# Hello ya'll



## budandgray (Nov 1, 2004)

I'm Todd, a 35 year old guy trying to take care of 2 crazy, ENERGETIC kittens now about 8 weeks old.

I will probably posting a lot of questions, as I'm at a bit of a loss dealing with "little ones" like Bud and Gray.

These little climbers-runners-biters-scratchers- are a handful in an apartment! I've had them 1 week as of 11-2-04 and would not take $1,000,000 for them!

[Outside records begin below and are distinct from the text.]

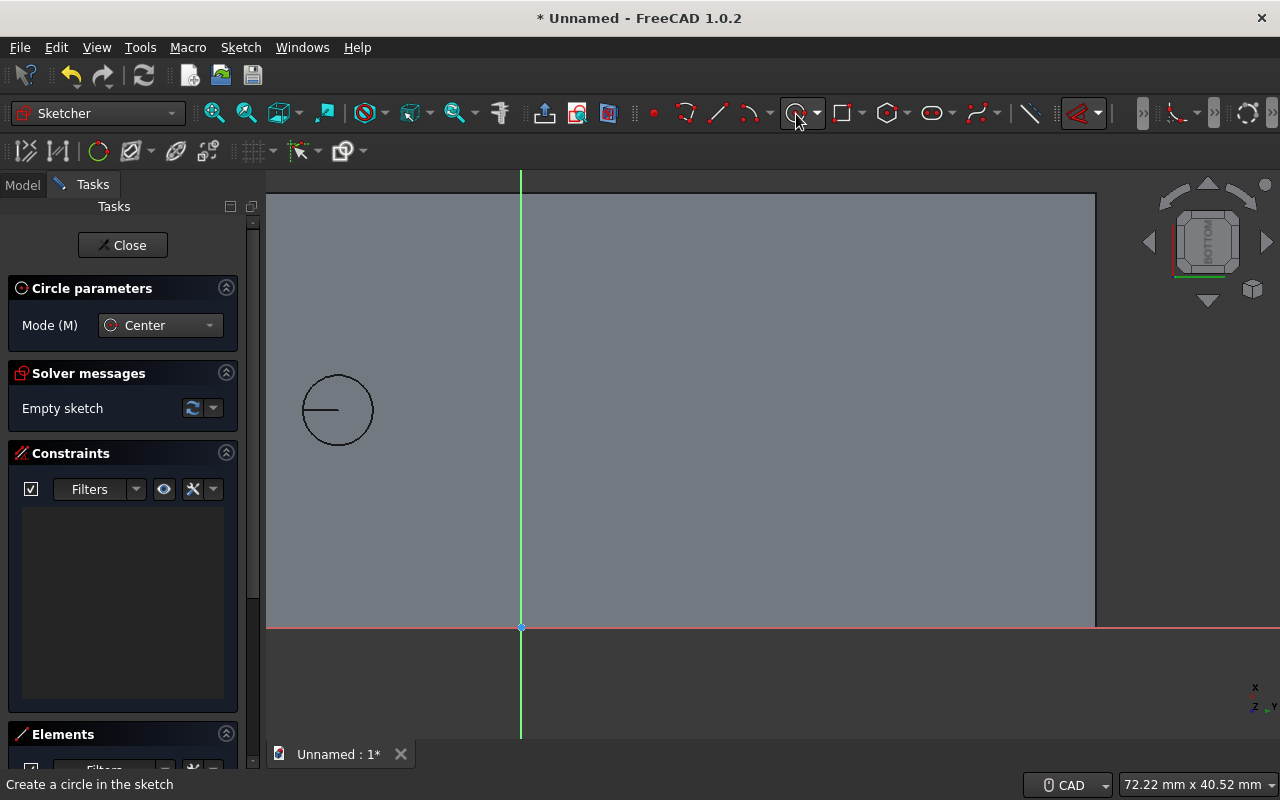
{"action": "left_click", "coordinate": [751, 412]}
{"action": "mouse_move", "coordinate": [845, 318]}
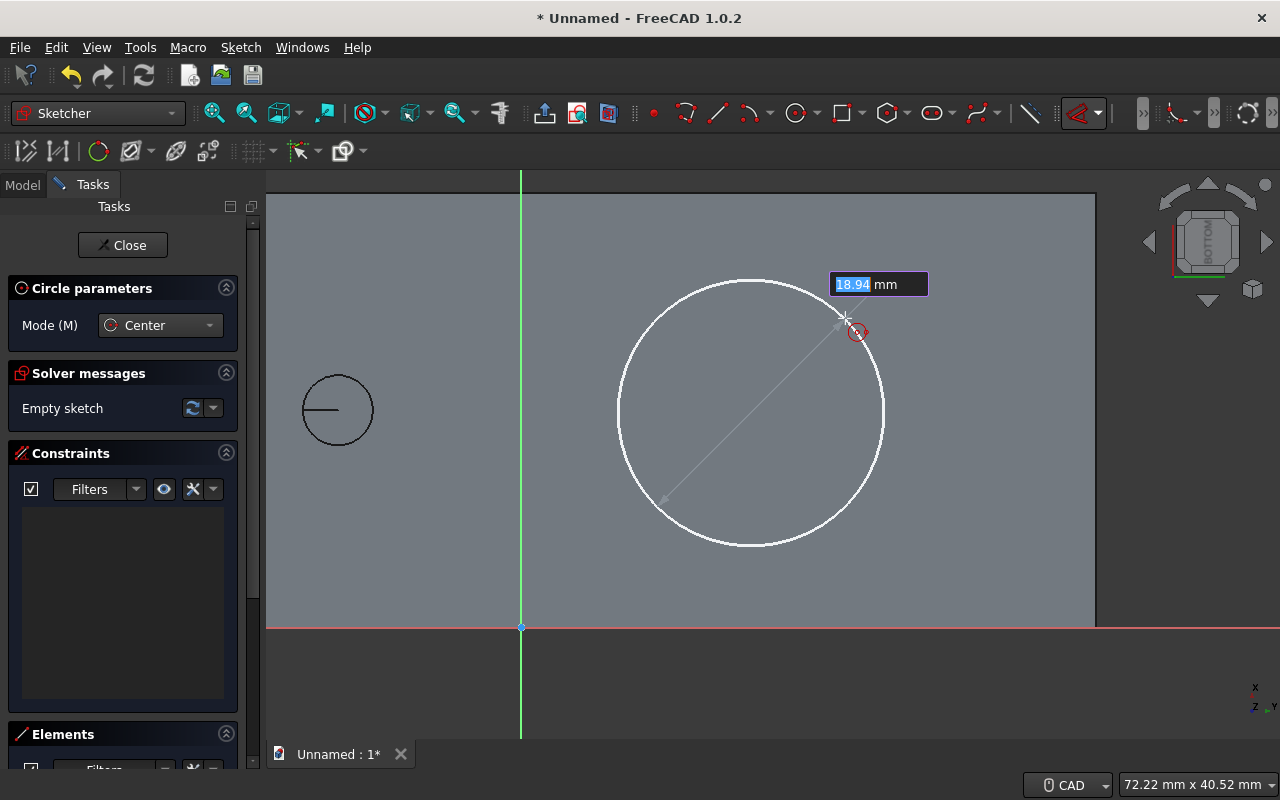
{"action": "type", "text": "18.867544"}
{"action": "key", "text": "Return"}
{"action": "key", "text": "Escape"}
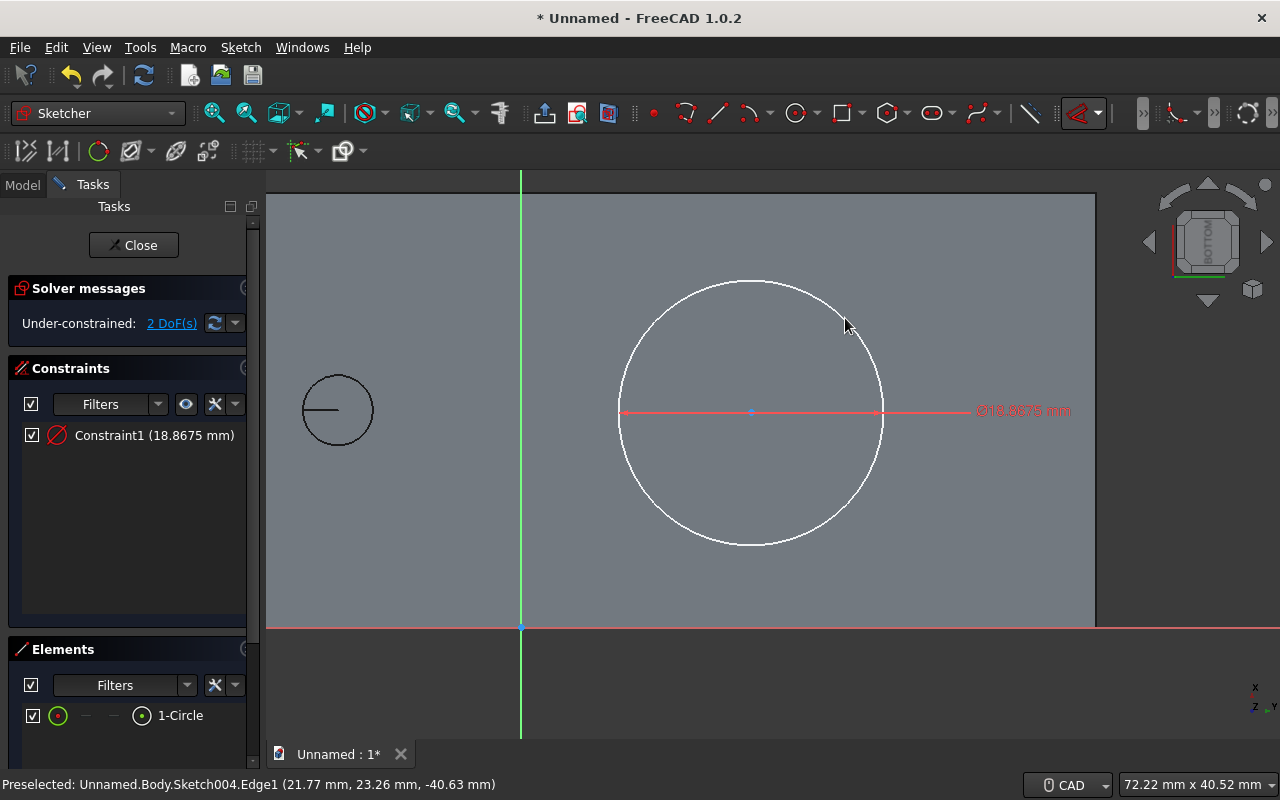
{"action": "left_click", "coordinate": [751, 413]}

Can't believe I've become a cat person but I'm glad to be one now.


----------



## kitkat (Sep 22, 2003)

Welcome to the forum Todd. You sound like you've got a handful there, they sound so adorable. Post pictures when you get a chance :wink:


----------



## budandgray (Nov 1, 2004)

They are cute little wild ones, but man...busy, busy, busy kittens!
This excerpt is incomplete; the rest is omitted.